• _Task instructions_: Copy every line from the records below that carries the word "yellow".

Extracted data entries
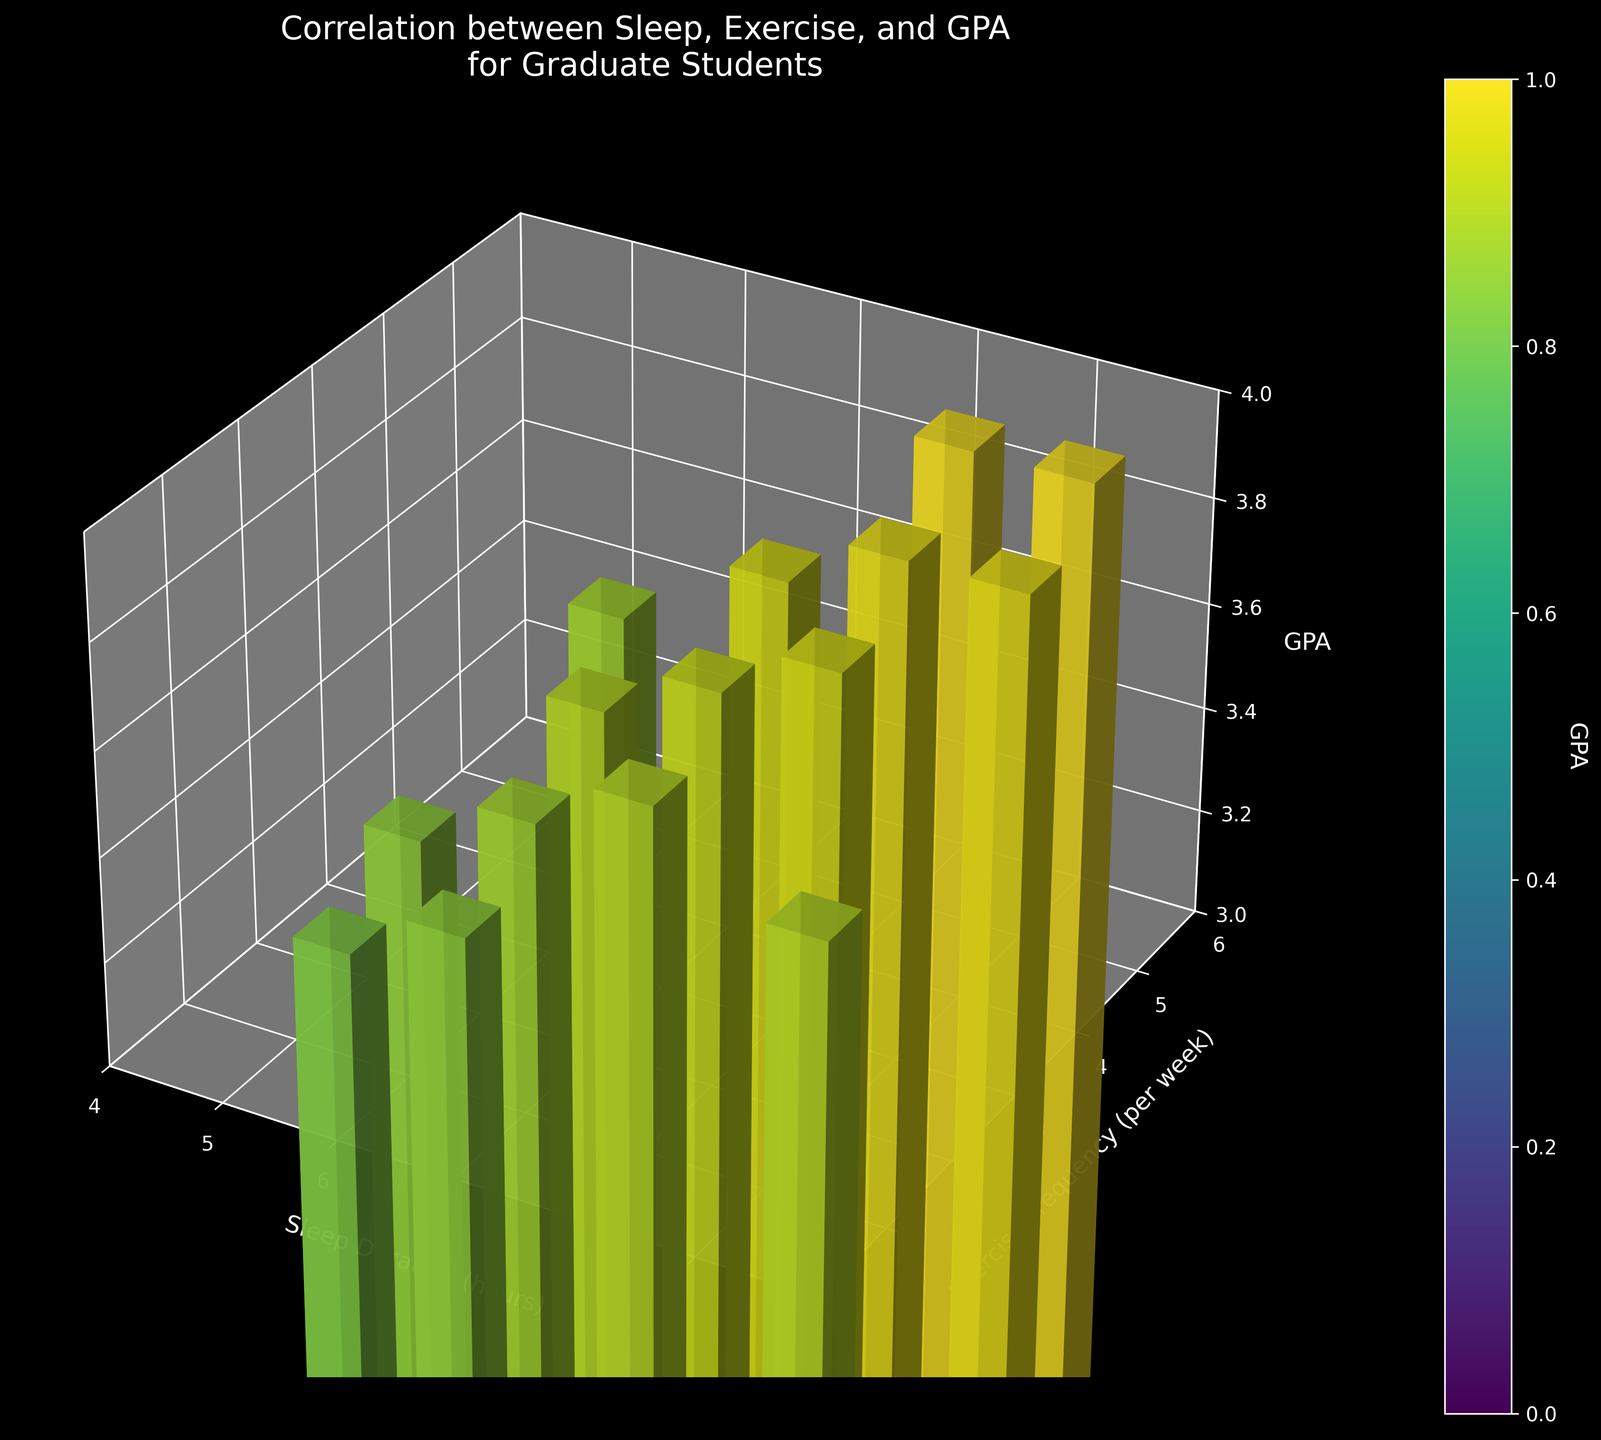What is the title of the figure? The title is usually displayed at the top of the figure and provides a summary of the subject matter. In this case, the title is "Correlation between Sleep, Exercise, and GPA\nfor Graduate Students."
Answer: Correlation between Sleep, Exercise, and GPA for Graduate Students What are the labels on the x-axis, y-axis, and z-axis? Figure axes are labeled to indicate what data they represent. For this plot, the x-axis is labeled "Sleep Duration (hours)," the y-axis is labeled "Exercise Frequency (per week)," and the z-axis is labeled "GPA."
Answer: Sleep Duration (hours), Exercise Frequency (per week), GPA How many data points are displayed in the plot? The bars in the 3D plot represent the data points. By counting the bars, we can determine that there are 15 data points.
Answer: 15 Which sleep duration has the highest GPA recorded? To determine this, we need to find the tallest bar (highest GPA) and check the corresponding Sleep Duration. The tallest bar corresponds to a GPA of 3.9, associated with 8 and 9 hours of sleep duration.
Answer: 8 and 9 hours Does any exercise frequency result in a GPA lower than 3.4? We need to identify if there is a bar on the plot with a GPA lower than 3.4 and check the corresponding Exercise Frequency. There is one data point at Exercise Frequency 1 with a GPA of 3.2.
Answer: Yes What is the average GPA for students who sleep 7 hours? We need to find all bars corresponding to the sleep duration of 7 hours and calculate the average of their GPA values (3.6, 3.5, 3.7). The average GPA is calculated as (3.6 + 3.5 + 3.7)/3 = 3.6.
Answer: 3.6 Which combination of sleep duration and exercise frequency produced the lowest GPA? We need to find the bar with the smallest height representing the lowest GPA and check the corresponding Sleep Duration and Exercise Frequency. The lowest GPA (3.2) occurred with 5 hours of sleep and 1 time of exercise per week.
Answer: 5 hours of sleep and 1 time of exercise per week Does exercising more frequently always lead to a higher GPA based on this plot? We need to check if there's a consistent increase in GPA with increasing exercise frequency across all sleep durations. Several bars show variable GPAs at different exercise frequencies. For instance, GPA varies for Exercise Frequency 1 (3.2, 3.3, 3.5, 3.8, 3.9). Thus, exercising more frequently does not always lead to a higher GPA.
Answer: No Is there a case where a student with lower sleep duration has a higher GPA than one with a higher sleep duration? We need to compare the bars for different sleep durations to check for any instances where a lower sleep duration corresponds to a higher GPA than a higher sleep duration. For example, a student with 8 hours of sleep and a GPA of 3.8 has a higher GPA than a student with 9 hours of sleep and a GPA of 3.5.
Answer: Yes What pattern can be observed regarding the GPA values and their colors? The color gradient indicates the GPA values, where bars with higher GPAs have colors from the 'viridis' colormap towards yellow and green, and lower GPAs lean towards blue. Thus, GPA values increase gradually from blue to yellow-green.
Answer: GPA increases from blue to yellow-green 
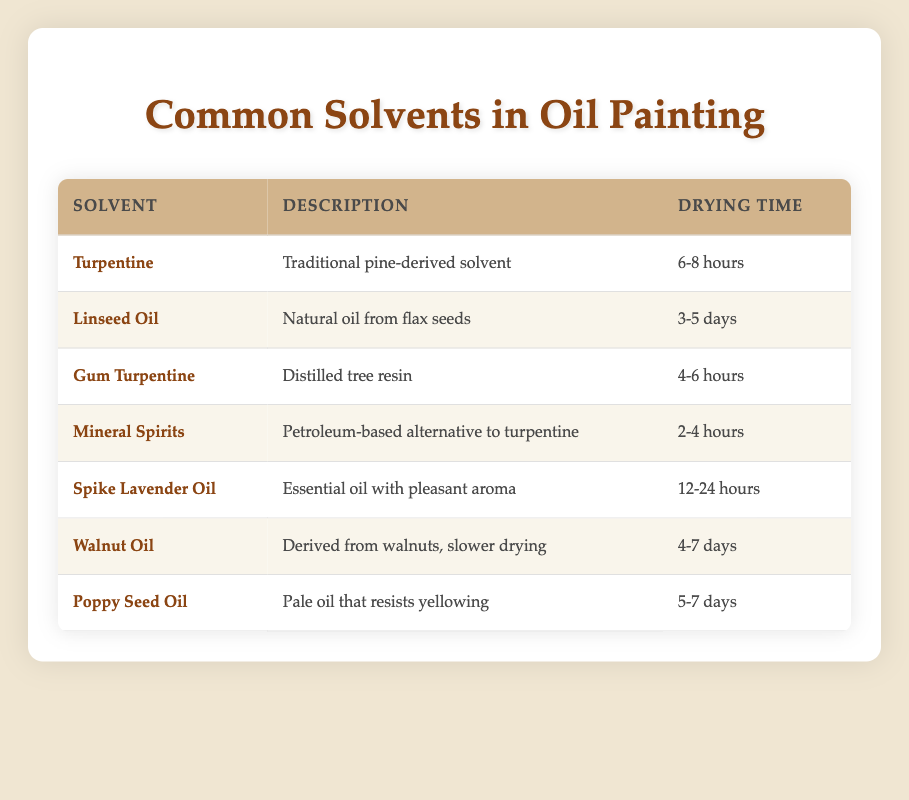What is the drying time of Turpentine? The table lists the drying time of Turpentine under the "Drying Time" column, showing that it is 6-8 hours.
Answer: 6-8 hours Which solvent has the longest drying time? To find the longest drying time, we look at the "Drying Time" column and see that Linseed Oil, Walnut Oil, and Poppy Seed Oil have drying times ranging from 3-5 days and beyond. The longest is Walnut Oil at 4-7 days.
Answer: Walnut Oil Is Spike Lavender Oil faster drying than Mineral Spirits? We need to compare the drying times of Spike Lavender Oil (12-24 hours) and Mineral Spirits (2-4 hours) directly from the "Drying Time" column. Since 2-4 hours is shorter than 12-24 hours, Mineral Spirits dry faster.
Answer: No What is the average drying time of all the solvents? To calculate the average drying time, we need to convert time ranges to a single value. We take the average of each: Turpentine (7), Linseed Oil (4), Gum Turpentine (5), Mineral Spirits (3), Spike Lavender Oil (18), Walnut Oil (5.5), and Poppy Seed Oil (6). Now we sum these values (7 + 4 + 5 + 3 + 18 + 5.5 + 6) = 48.5. There are 7 solvents, so the average is 48.5/7 ≈ 6.93 hours.
Answer: Approximately 6.93 hours Does any solvent listed have a drying time of less than 5 hours? By checking the "Drying Time" column, we can see if any solvents list times under 5 hours. Mineral Spirits (2-4 hours) confirms that at least one does meet this condition.
Answer: Yes 
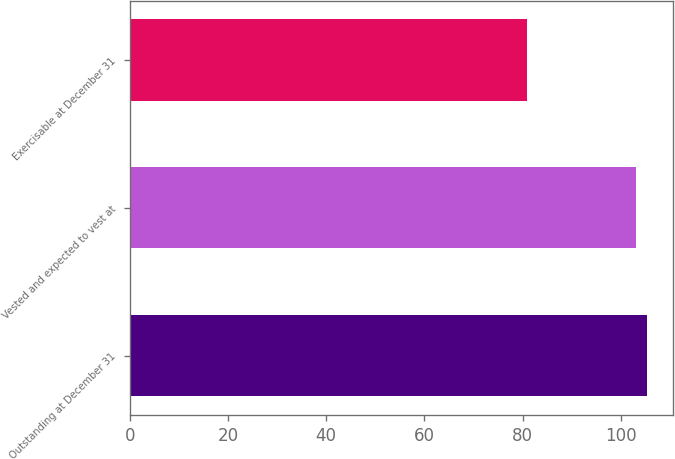Convert chart to OTSL. <chart><loc_0><loc_0><loc_500><loc_500><bar_chart><fcel>Outstanding at December 31<fcel>Vested and expected to vest at<fcel>Exercisable at December 31<nl><fcel>105.28<fcel>103.01<fcel>80.81<nl></chart> 
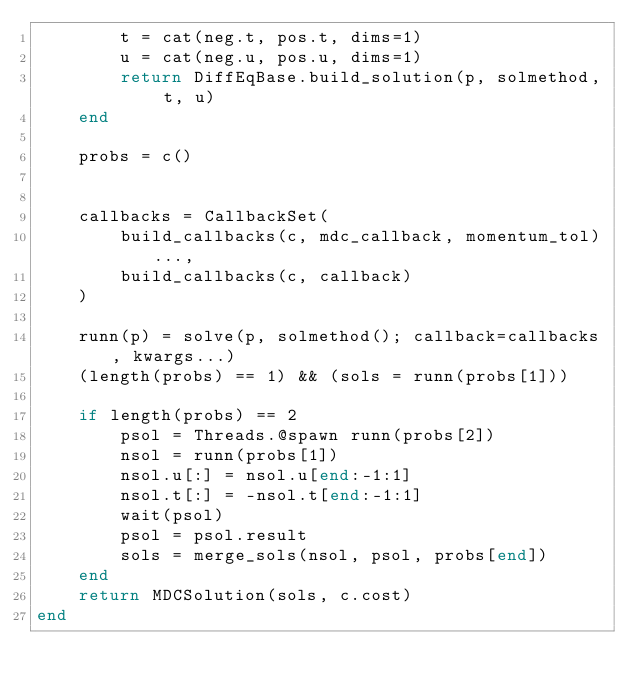<code> <loc_0><loc_0><loc_500><loc_500><_Julia_>        t = cat(neg.t, pos.t, dims=1)
        u = cat(neg.u, pos.u, dims=1)
        return DiffEqBase.build_solution(p, solmethod, t, u)
    end
    
    probs = c()
    

    callbacks = CallbackSet(
        build_callbacks(c, mdc_callback, momentum_tol)...,
        build_callbacks(c, callback)
    )

    runn(p) = solve(p, solmethod(); callback=callbacks, kwargs...)
    (length(probs) == 1) && (sols = runn(probs[1]))

    if length(probs) == 2
        psol = Threads.@spawn runn(probs[2])
        nsol = runn(probs[1])
        nsol.u[:] = nsol.u[end:-1:1]
        nsol.t[:] = -nsol.t[end:-1:1]
        wait(psol)
        psol = psol.result
        sols = merge_sols(nsol, psol, probs[end])
    end
    return MDCSolution(sols, c.cost)
end
</code>

• _Solution to this task_:
Answer: Yes What pattern can be observed regarding the GPA values and their colors? The color gradient indicates the GPA values, where bars with higher GPAs have colors from the 'viridis' colormap towards yellow and green, and lower GPAs lean towards blue. Thus, GPA values increase gradually from blue to yellow-green.
Answer: GPA increases from blue to yellow-green 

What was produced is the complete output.